En septiembre aparecerá en Tusquets el libro Spinoza en el Parque México, conversaciones con José María Lassalle que dan forma a la biografía intelectual de Enrique Krauze. Uno de sus capítulos aborda la lectura de los autores que lo marcaron. El poeta Heinrich Heine es uno de ellos.
AÑADIR A FAVORITOS
ClosePlease loginn
Enrique, nunca escribiste una biografía de Heine, pero podemos imaginarte escribiendo ese libro. ¿Cómo lo habrías abordado?

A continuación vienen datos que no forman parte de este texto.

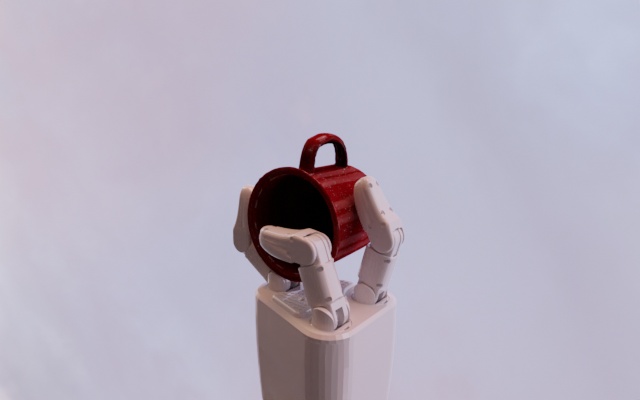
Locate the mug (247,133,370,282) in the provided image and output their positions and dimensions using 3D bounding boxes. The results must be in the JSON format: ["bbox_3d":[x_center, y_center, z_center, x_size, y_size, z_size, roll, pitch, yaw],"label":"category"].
[{"bbox_3d":[0.000,0.000,0.403,0.093,0.117,0.081,13,18,34],"label":"mug"}]
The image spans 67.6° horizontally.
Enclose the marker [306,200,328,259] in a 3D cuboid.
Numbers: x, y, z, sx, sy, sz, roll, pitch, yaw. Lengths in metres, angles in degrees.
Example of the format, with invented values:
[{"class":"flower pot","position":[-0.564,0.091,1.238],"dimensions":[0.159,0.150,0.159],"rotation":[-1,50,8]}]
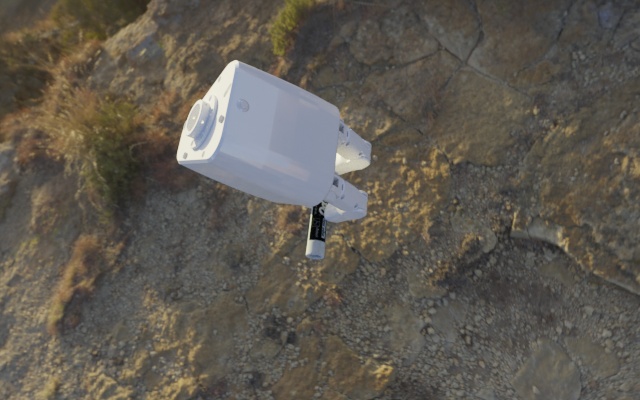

Por su cara y su cruz. Heine fue el poeta más notable de su tiempo en Alemania (posterior a Goethe y Schiller) y uno de los más populares y queridos. Los lectores recitan aún hoy sus versos. Su poema “Die Loreley” –sobre la mítica doncella que, sentada en la cima del peñasco a la orilla del Rin, atrae con su canto a los navegantes y provoca su naufragio– es casi un segundo himno alemán. Schumann, Schubert, Liszt, Mendelssohn, Brahms musicalizaron los poemas de su Buch der Lieder. Además de la poesía, Heine practicaba el género de los libros de viaje con una nueva e inusitada libertad política, religiosa, intelectual y erótica. Era un don Juan más atrevido, un Casanova más recatado. Sus libros sobre sus noches en Florencia o los baños de Lucca son como novelas satíricas muy legibles aún ahora: llenas de color y variedad, de curiosidad e inteligencia, narraciones perspicaces, irreverentes y divertidas sobre los tipos humanos que encontraba. Lector del Quijote, en sus páginas uno encuentra la gracia de Cervantes. Heine casi inventó el género del folletín, la colaboración periodística por entregas, que fue muy leído. En Heine no hay una línea pomposa, solemne, académica, sentenciosa. Se ha dicho que su humor recuerda a Aristófanes. Borges lo compara con Wilde y dice que “tiene algo de astuto muchacho judío”. Esa es la cara feliz de Heine. Pero cargó con una cruz permanente. Fue el enemigo público del Estado alemán que debido a sus críticas lo difamó, discriminó, persiguió, censuró y negó. Los poderes alemanes –el káiser, los príncipes, los aristócratas y el clero– detestaban a Heine por judío pero también por ser el poeta de la libertad. Vivió en París desde 1831 hasta su muerte en 1856. Fue amigo de Balzac, Gautier, George Sand, Lassalle y, famosamente, del otro gran exiliado alemán en París, Karl Marx.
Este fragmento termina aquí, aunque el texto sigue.